(DATA EXTRACT begins)
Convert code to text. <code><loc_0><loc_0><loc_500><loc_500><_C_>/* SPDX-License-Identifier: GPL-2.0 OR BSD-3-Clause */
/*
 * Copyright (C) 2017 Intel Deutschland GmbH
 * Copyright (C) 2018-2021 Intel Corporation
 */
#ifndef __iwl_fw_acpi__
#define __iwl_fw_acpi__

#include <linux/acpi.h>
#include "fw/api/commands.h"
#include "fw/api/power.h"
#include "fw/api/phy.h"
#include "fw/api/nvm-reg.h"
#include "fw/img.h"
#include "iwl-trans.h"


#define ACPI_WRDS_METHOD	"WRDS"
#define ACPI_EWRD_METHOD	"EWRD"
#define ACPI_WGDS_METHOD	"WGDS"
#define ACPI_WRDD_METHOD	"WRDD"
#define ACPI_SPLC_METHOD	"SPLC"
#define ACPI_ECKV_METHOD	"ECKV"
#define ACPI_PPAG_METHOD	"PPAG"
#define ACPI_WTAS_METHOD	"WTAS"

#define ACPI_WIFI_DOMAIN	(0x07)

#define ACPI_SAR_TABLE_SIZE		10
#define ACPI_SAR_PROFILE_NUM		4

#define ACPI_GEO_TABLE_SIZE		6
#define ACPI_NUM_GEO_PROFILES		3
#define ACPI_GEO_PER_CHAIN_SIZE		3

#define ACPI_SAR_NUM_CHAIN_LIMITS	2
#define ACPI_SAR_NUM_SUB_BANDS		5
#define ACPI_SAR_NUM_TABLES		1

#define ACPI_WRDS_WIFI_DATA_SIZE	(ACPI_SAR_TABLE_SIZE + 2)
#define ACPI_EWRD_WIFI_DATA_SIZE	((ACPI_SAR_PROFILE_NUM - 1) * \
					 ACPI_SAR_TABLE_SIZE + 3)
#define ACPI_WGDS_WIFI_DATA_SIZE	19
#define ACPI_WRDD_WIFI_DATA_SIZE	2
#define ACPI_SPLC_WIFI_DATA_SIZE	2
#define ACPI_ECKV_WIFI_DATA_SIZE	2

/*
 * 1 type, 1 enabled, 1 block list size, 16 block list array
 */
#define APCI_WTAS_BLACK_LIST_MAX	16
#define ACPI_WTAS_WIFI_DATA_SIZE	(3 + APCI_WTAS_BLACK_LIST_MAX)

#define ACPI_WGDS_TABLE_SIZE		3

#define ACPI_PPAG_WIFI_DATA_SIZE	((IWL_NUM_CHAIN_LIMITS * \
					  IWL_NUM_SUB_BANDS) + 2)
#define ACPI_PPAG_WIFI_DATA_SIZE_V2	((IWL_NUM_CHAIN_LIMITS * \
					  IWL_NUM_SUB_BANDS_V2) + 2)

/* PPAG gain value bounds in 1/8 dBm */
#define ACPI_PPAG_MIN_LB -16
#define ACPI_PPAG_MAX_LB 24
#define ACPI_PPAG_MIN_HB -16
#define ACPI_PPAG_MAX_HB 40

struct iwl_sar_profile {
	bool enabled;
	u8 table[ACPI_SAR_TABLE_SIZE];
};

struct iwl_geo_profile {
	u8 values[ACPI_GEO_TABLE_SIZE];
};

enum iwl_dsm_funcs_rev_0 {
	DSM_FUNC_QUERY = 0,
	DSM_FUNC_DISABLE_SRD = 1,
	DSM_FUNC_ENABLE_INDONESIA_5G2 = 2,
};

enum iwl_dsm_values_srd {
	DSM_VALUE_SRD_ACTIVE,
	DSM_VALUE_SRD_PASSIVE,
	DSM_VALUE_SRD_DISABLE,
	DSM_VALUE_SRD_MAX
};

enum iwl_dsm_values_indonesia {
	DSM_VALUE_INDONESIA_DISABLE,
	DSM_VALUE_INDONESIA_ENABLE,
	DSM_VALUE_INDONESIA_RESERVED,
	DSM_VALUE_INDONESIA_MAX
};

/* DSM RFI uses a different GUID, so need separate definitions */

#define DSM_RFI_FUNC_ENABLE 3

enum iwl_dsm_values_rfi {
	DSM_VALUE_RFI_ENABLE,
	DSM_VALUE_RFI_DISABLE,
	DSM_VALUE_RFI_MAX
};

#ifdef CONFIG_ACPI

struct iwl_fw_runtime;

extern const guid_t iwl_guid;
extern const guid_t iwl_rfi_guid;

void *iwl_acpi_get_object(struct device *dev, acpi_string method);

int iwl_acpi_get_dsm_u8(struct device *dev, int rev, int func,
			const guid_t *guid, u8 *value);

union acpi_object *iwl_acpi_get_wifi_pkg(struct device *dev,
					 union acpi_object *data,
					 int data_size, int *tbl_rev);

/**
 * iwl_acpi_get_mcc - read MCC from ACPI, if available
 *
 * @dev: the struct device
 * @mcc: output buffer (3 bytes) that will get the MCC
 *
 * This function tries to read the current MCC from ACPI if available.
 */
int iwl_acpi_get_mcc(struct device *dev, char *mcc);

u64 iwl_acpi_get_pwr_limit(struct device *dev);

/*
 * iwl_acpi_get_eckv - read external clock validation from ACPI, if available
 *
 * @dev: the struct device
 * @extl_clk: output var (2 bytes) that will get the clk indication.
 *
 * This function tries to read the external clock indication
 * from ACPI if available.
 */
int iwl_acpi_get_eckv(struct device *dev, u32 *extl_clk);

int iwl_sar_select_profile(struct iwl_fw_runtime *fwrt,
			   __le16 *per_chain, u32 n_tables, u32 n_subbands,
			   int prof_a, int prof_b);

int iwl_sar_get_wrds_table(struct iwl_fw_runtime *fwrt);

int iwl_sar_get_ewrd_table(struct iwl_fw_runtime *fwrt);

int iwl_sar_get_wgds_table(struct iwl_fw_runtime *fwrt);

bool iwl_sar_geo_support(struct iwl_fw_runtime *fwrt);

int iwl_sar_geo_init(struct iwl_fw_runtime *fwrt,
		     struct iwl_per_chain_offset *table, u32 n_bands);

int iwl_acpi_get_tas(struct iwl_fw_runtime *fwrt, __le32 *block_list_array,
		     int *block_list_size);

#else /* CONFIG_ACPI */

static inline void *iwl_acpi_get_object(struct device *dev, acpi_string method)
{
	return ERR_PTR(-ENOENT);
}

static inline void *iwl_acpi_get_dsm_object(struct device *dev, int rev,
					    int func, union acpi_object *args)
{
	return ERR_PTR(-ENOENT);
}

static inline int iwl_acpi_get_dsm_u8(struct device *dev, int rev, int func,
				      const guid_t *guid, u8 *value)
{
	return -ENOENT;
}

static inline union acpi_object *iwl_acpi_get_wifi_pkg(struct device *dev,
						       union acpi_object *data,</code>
(DATA EXTRACT ends)
WHAT YOU WILL DO:
In the data, how many lines include the string "Copyright"? Reply with only that number.

WRITTEN RESPONSE:
2